Exercise -> Only one stretch of the data is wanted: the line containing "3) movable object such as a bin [1736, 601, 1778, 643]", the line containing "26) movable object", and every line between them, copied exactly.
--- Data for this task ---
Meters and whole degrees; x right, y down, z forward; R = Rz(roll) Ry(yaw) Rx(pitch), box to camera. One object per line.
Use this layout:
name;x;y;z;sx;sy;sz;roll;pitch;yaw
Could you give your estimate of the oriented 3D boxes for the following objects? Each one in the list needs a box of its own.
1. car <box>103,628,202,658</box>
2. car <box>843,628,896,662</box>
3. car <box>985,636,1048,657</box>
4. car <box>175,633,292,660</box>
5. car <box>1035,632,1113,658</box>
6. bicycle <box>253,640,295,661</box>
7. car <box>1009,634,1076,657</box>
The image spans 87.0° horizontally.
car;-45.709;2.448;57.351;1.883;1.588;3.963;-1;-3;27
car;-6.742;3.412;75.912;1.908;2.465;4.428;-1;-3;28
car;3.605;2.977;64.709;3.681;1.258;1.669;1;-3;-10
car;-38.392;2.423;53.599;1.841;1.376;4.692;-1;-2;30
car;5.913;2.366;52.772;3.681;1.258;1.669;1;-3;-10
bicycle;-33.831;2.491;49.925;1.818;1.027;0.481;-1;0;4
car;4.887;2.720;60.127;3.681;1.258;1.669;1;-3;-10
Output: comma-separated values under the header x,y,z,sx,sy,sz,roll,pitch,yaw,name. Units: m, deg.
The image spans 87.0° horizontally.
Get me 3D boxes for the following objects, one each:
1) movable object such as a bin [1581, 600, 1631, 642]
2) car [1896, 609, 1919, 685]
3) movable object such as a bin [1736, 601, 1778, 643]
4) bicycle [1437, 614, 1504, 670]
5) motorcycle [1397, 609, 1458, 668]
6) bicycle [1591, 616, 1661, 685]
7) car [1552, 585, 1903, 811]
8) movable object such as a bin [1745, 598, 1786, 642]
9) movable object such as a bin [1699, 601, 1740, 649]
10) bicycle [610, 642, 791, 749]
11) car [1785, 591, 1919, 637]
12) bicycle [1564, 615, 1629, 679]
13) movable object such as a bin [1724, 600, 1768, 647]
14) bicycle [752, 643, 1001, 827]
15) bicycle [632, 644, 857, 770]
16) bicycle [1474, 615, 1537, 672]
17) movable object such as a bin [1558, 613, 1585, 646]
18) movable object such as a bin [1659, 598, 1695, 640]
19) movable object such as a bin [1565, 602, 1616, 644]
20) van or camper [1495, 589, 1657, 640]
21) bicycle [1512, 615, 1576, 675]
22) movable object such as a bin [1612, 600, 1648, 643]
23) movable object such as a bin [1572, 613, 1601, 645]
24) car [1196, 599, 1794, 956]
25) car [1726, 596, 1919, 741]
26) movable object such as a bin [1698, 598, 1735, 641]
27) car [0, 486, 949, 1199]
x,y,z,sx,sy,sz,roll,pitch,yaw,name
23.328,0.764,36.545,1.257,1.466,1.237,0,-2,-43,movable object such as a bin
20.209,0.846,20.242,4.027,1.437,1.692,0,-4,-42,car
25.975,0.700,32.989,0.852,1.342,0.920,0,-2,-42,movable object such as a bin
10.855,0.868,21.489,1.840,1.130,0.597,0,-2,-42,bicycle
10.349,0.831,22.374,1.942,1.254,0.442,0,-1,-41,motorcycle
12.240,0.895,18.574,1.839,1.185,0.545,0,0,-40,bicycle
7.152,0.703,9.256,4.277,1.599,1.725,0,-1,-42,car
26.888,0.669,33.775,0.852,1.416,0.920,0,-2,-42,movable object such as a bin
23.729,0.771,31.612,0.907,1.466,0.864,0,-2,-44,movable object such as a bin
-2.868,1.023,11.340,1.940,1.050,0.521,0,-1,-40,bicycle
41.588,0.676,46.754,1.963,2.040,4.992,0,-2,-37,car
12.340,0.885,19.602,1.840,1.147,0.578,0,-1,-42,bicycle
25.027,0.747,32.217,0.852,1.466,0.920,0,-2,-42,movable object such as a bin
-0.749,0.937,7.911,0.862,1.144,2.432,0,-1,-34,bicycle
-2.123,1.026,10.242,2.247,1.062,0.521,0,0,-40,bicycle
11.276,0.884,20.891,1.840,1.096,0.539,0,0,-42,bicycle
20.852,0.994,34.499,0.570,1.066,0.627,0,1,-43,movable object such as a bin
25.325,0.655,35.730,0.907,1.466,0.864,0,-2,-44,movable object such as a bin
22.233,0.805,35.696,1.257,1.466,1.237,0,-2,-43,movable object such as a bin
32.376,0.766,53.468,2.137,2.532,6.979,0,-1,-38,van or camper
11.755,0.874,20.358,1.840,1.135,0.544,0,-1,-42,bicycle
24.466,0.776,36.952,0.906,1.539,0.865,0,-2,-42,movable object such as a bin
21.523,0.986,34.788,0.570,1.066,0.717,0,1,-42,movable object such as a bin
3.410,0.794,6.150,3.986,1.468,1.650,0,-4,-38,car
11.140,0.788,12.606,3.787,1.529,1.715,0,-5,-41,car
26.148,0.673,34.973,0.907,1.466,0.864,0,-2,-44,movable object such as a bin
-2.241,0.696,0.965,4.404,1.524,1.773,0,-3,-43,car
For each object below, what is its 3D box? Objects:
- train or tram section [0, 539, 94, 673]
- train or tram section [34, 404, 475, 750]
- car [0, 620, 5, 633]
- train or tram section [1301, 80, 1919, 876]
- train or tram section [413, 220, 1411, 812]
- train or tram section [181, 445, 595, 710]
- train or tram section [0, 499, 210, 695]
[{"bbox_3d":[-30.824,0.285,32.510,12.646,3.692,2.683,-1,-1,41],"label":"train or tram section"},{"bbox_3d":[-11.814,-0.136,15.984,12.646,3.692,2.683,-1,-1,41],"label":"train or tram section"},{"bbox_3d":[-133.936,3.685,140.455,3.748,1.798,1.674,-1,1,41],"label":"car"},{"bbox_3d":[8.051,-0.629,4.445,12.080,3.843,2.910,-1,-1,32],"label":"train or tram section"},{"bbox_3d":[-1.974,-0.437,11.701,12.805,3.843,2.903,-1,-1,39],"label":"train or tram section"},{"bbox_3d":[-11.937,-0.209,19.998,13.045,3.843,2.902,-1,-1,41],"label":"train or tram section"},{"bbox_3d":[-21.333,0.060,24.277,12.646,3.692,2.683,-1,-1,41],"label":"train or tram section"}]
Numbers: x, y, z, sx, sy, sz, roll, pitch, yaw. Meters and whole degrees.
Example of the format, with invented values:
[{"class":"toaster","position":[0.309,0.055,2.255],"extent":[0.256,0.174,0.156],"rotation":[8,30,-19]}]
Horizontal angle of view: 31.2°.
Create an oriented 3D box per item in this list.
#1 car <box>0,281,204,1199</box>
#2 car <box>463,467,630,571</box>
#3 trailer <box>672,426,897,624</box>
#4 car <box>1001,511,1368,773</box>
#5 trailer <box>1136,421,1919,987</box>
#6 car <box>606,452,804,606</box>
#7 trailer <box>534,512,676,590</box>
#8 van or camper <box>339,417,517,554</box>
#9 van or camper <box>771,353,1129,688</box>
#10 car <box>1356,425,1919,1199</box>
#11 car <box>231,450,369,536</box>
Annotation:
---
Result of this task ->
3) movable object such as a bin [1736, 601, 1778, 643]
4) bicycle [1437, 614, 1504, 670]
5) motorcycle [1397, 609, 1458, 668]
6) bicycle [1591, 616, 1661, 685]
7) car [1552, 585, 1903, 811]
8) movable object such as a bin [1745, 598, 1786, 642]
9) movable object such as a bin [1699, 601, 1740, 649]
10) bicycle [610, 642, 791, 749]
11) car [1785, 591, 1919, 637]
12) bicycle [1564, 615, 1629, 679]
13) movable object such as a bin [1724, 600, 1768, 647]
14) bicycle [752, 643, 1001, 827]
15) bicycle [632, 644, 857, 770]
16) bicycle [1474, 615, 1537, 672]
17) movable object such as a bin [1558, 613, 1585, 646]
18) movable object such as a bin [1659, 598, 1695, 640]
19) movable object such as a bin [1565, 602, 1616, 644]
20) van or camper [1495, 589, 1657, 640]
21) bicycle [1512, 615, 1576, 675]
22) movable object such as a bin [1612, 600, 1648, 643]
23) movable object such as a bin [1572, 613, 1601, 645]
24) car [1196, 599, 1794, 956]
25) car [1726, 596, 1919, 741]
26) movable object such as a bin [1698, 598, 1735, 641]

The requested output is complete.